Representantes internacionais denunciam novas formas de espoliação promovidas sob o rótulo de transição energética

Publicado: 10/11/2025

O 4º Encontro Internacional de Atingidos por Barragens e Mudanças Climáticas ocorre em Belém (PA) - Foto: Anna Mathis/MAB

Do Brasil de Fato

A crise do neoliberalismo não gerou, como se esperava, o colapso do capitalismo. Pelo contrário, abriu espaço para novas formas de acumulação, repressão e dominação. A análise é do professor Carlos Vainer, do Brasil, e resume o tom da roda de conversa que reuniu representantes de cinco continentes em Belém, no Pará, durante o 4º Encontro Internacional de Atingidos por Barragens e Crise Climática.

Enquanto a transição energética é vendida como resposta inevitável à crise climática, povos do Sul Global denunciam que a simples substituição de uma matriz destrutiva por outra, igualmente violenta nos territórios, não pode ser solução, mesmo amparada por um discurso “verde”.
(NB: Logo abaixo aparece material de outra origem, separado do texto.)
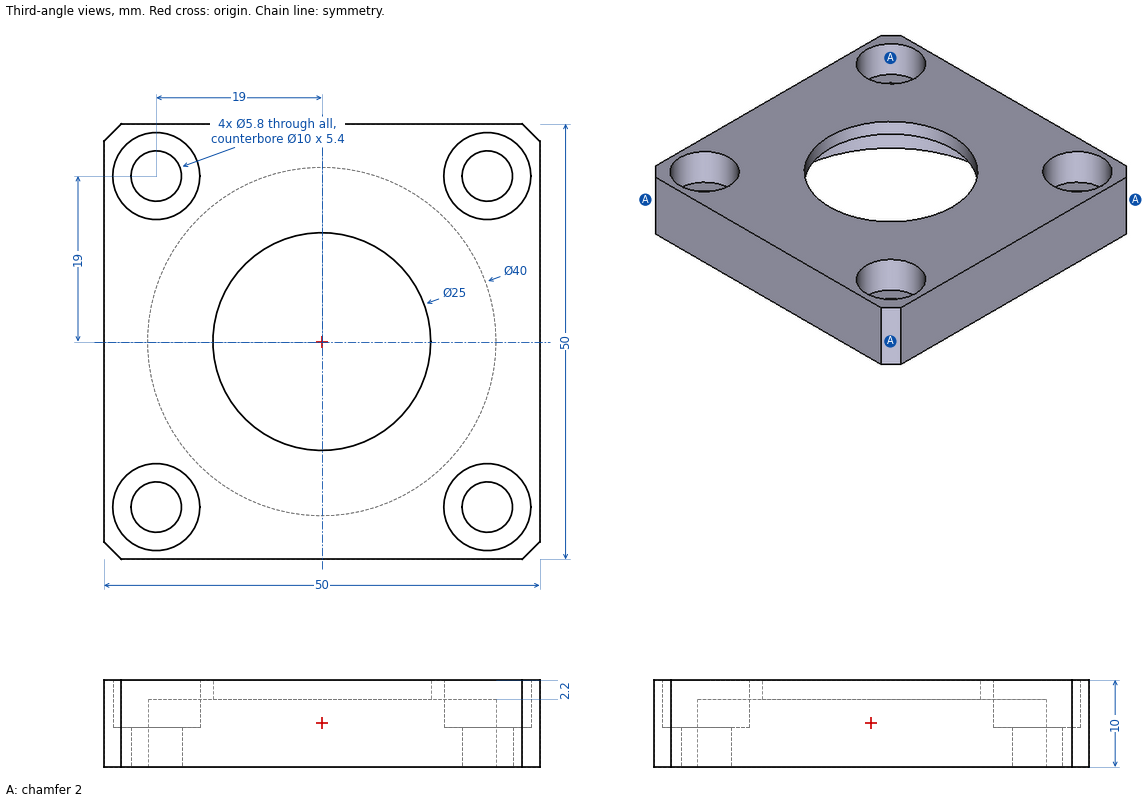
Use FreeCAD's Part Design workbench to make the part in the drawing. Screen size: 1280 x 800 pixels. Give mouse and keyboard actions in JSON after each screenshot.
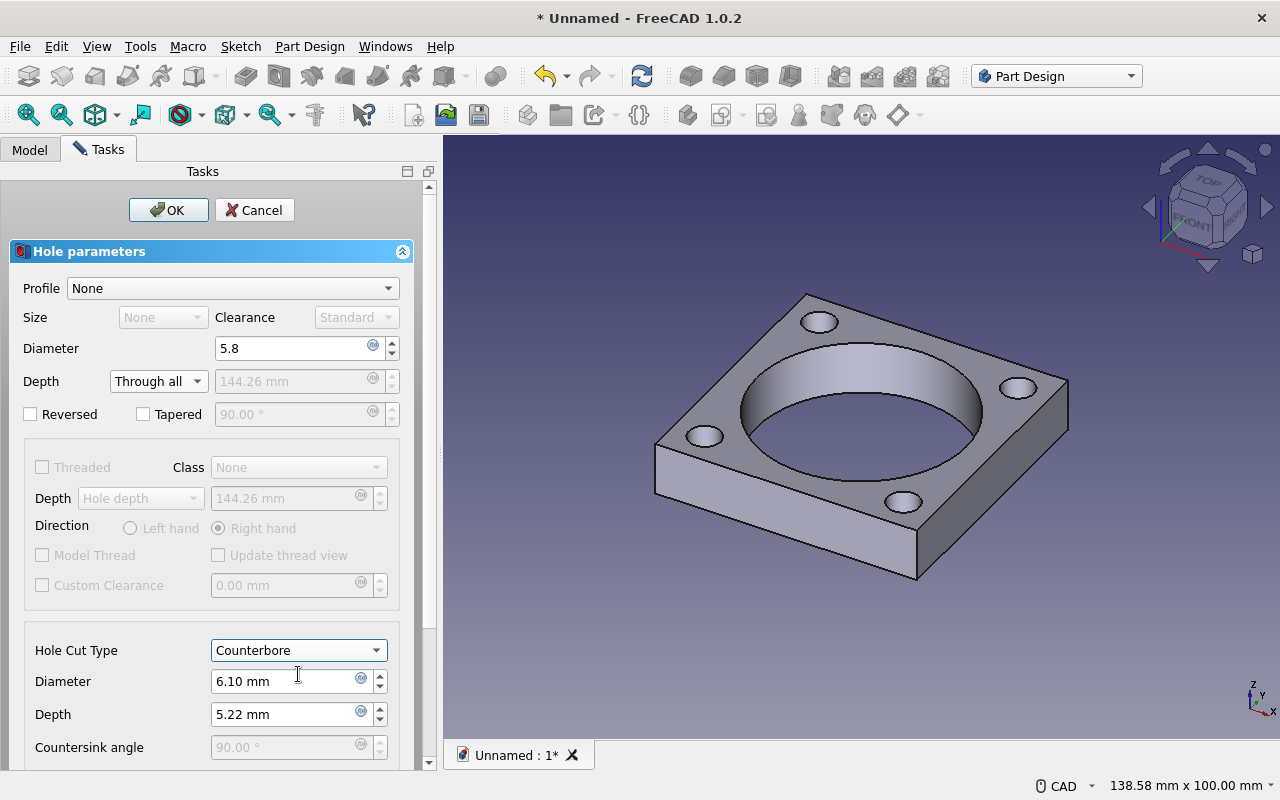
{"action": "triple_click", "coordinate": [292, 682]}
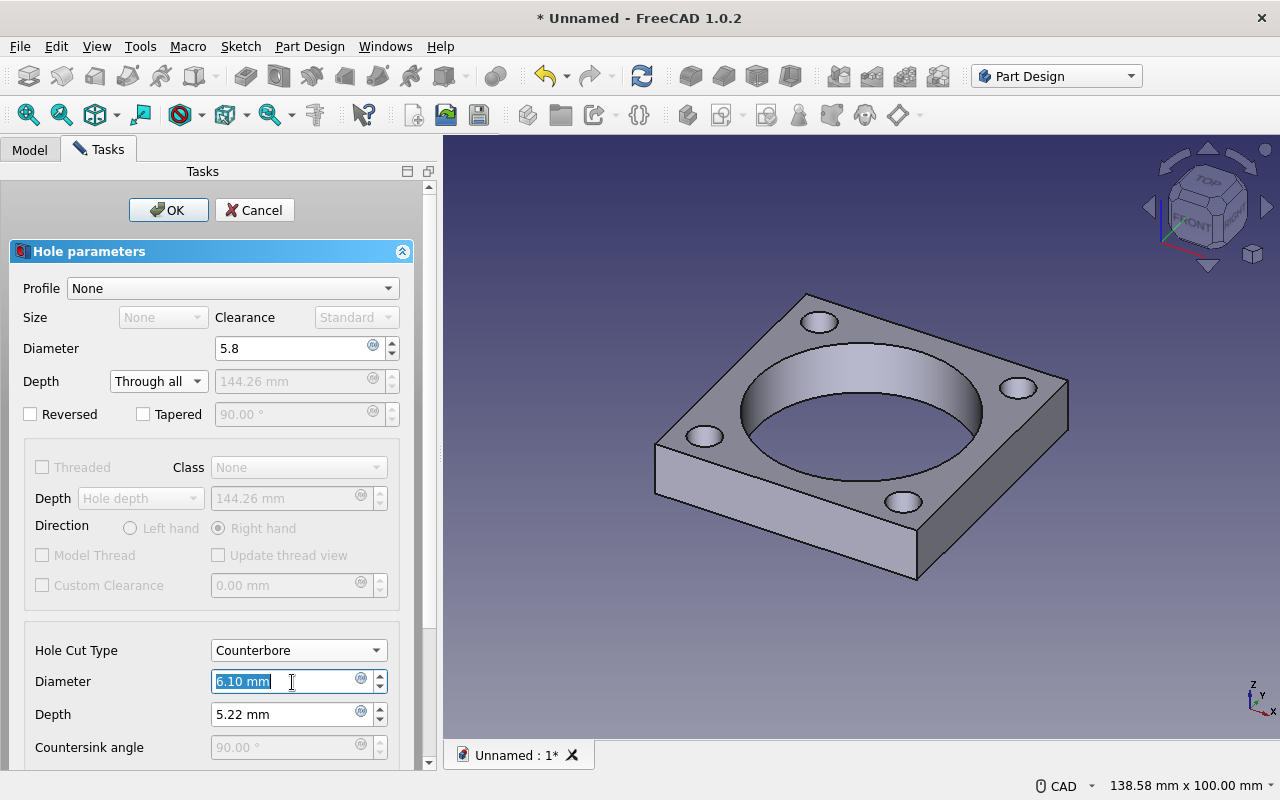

Em nome do combate ao aquecimento global, governos, corporações e instituições financeiras intensificam a instalação de megaprojetos – como barragens, usinas geotérmicas, minas e ‘monocultivos energéticos’ – que provocam deslocamentos forçados, destruição ambiental e perda de soberania.
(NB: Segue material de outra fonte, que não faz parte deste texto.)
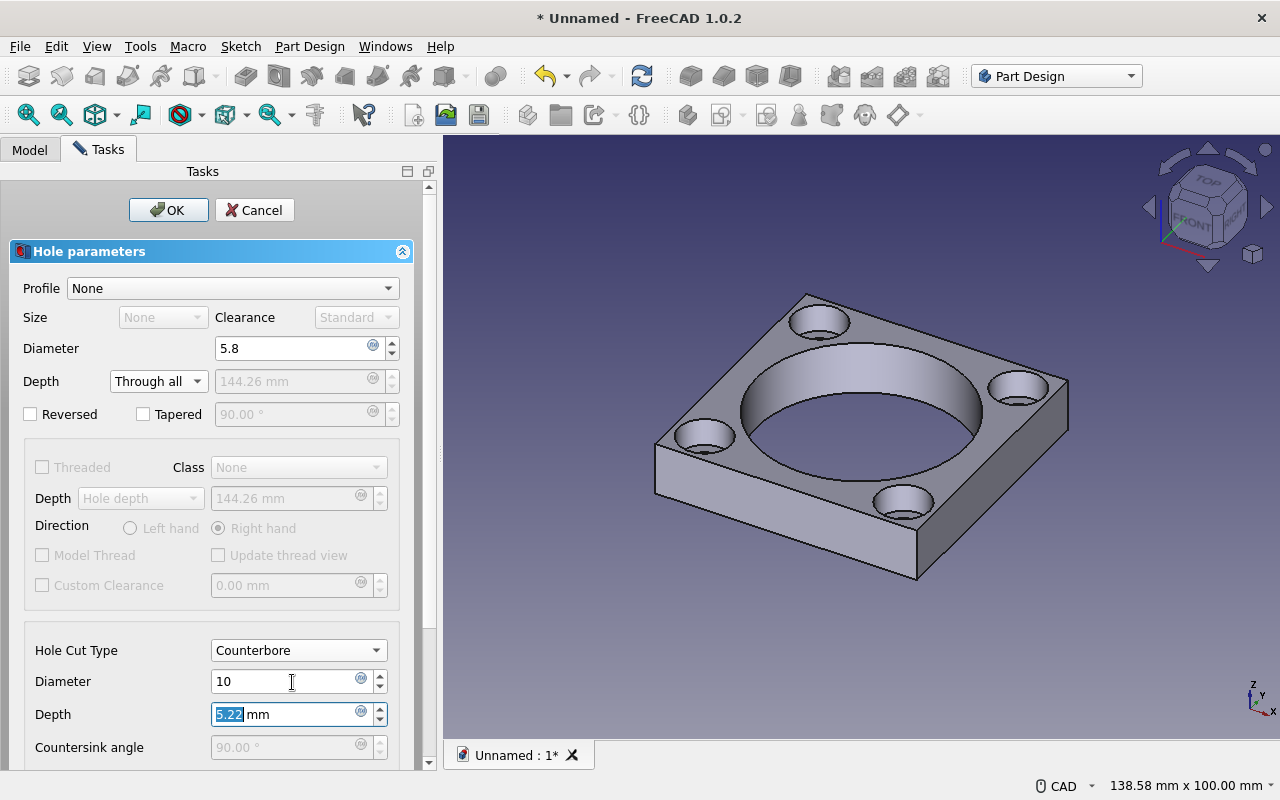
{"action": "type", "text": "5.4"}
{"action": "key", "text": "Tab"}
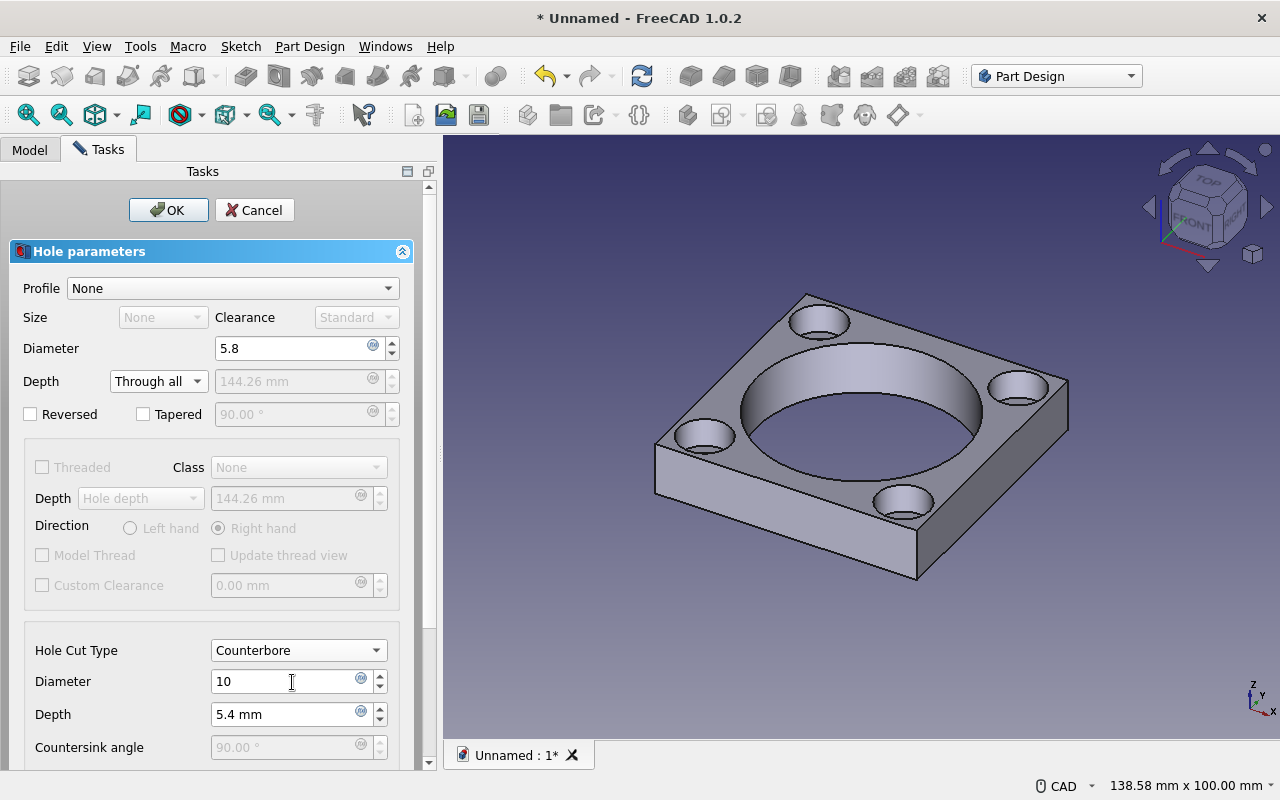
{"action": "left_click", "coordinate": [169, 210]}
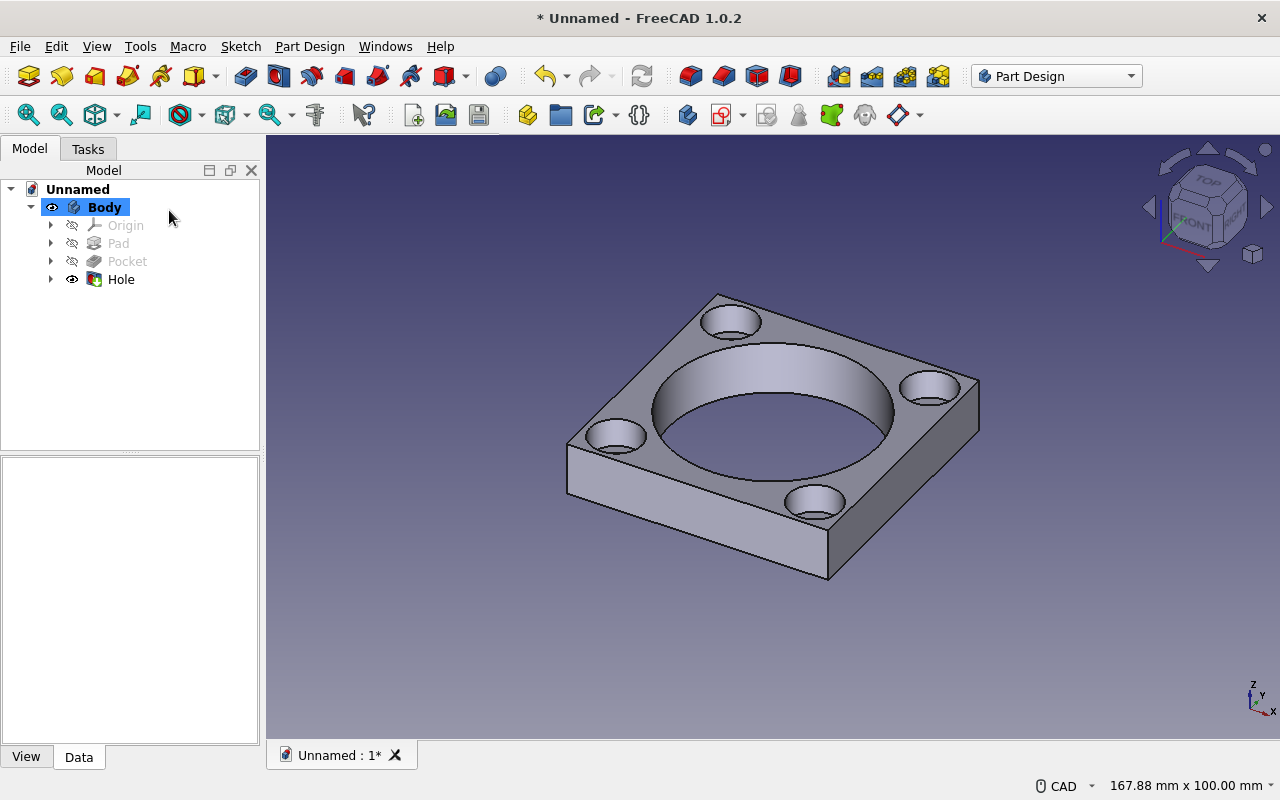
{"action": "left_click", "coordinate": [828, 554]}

Esse diagnóstico foi construído coletivamente na mesa “Situação dos Continentes”, realizada nesta sexta-feira (8) em Belém (Pará). De norte a sul, o padrão se repete: na Ásia, as grandes hidrelétricas e os créditos de carbono transformaram bens da natureza em ativos financeiros; na África, barragens desmobilizam comunidades inteiras, e a juventude se ergue contra governos que perpetuam regimes autoritários; na Europa, a retórica da descarbonização serve de escudo para práticas neocoloniais, enquanto se amplia a militarização e a precarização social; nas Américas, o extrativismo avança em territórios indígenas, e os Estados seguem submissos ao capital transnacional.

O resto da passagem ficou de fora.